Regulation of glycolysis
The glycolytic pathway of the bloodstream trypanosome is thought to be essentially unregulated. Hexokinase is not subject to any significant feedback inhibition by glucose 6-phosphate (Nwagwu and Opperdoes 1982; Opperdoes and Van Roy, unpublished), as are the hexokinases from most other eukaryotes. Phosphofructokinase (PFK), is also essentially unregulated. Although it is an allosteric enzyme with regard to the binding of its substrate fructose 6-phosphate (Fru6P), that is activated by AMP and ADP, it does not respond to fructose 1,6-bisphosphate or fructose 2,6-bisphosphate (Fru-2,6-P2) or other compounds known to regulate PFKs (Cronin and Tipton, 1985; 1987).
Van Schaftingen et al (1985) discovered that in trypanosomes Fru(2,6)P2 modulates the activity of the cytosolic enzyme pyruvate kinase (PYK) rather than that of PFK. This peculiar way of regulating the glycolytic pathway is most likely related to the fact that PFK in the Kinetoplastida is present inside glycosomes, a sequestration that most likely renders it inaccessible to Fru(2,6)P2, which is synthesized from Fru6P by the cytosolic enzyme phosphofructo-2-kinase (PFK2, Van Schaftingen et al., 1987). The compartmentation of the first part of the glycolytic pathway has probably led to an adaptation of the original Fru(1,6)P2-binding site of cytosolic PYK to accommodate Fru(2,6)P2 as its most potent allosteric regulator (Callens et al., 1991a; Callens and Opperdoes, 1992). T. brucei PYK, together with the PYKs from the other glycosome-containing members of the Kinetoplastida, all differ from their homologous counterparts from other eukaryotes in that they constitute the only class of PYKs that are activated by Fru(2,6)P2 (Van Schaftingen et al., 1985; Van Schaftingen et al., 1987).

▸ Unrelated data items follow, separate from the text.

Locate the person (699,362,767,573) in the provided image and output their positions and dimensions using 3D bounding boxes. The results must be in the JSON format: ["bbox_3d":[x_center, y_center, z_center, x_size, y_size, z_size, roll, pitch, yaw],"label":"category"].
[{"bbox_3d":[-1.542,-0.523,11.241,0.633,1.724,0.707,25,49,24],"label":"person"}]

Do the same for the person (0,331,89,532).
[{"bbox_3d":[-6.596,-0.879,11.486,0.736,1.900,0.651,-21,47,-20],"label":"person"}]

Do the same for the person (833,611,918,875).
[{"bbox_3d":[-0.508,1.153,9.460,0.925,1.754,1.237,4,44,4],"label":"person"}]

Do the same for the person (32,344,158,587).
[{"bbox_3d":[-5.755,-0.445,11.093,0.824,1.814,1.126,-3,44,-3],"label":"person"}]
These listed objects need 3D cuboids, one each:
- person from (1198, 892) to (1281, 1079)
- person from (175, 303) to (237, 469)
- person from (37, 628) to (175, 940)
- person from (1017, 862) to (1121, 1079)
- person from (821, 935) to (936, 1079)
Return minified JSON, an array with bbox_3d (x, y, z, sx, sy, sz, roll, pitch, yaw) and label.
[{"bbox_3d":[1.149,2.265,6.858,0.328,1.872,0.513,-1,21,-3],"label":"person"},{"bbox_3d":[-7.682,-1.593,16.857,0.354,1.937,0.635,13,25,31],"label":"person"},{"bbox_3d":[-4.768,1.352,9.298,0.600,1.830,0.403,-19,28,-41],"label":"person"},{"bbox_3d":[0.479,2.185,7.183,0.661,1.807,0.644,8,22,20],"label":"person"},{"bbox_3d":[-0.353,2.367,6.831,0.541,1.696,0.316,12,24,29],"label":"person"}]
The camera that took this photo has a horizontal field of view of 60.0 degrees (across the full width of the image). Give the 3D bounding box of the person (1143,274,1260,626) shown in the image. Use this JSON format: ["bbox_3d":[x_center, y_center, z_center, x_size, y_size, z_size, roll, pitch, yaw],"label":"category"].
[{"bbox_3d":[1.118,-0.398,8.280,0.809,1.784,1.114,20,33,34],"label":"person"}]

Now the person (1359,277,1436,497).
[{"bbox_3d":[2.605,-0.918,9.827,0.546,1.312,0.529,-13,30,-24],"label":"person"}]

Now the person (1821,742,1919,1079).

Van Schaftingen et al. (1987) have shown that in the vertebrate stage of T. brucei, both with aerobic and anaerobic glycolysis, the cellular concentrations of Fru(2,6)P2 and PEP were inversely related. Since the conversion of phosphoenolpyruvate (PEP) to pyruvate is the only known fate of this glycolytic metabolite in the vertebrate stage, it is not unexpected that a decrease in the concentration of Fru(2,6)P2 will be compensated for by an increase in PEP. This indicates that a regulatory mechanisms is operational at the level of PYK, but the advantage for bloodstream form glycolysis of being controlled at this level by Fru(2,6)P2 is at present not clear. It is probably only aimed at maintaining a maximal flux through the pathway at all times.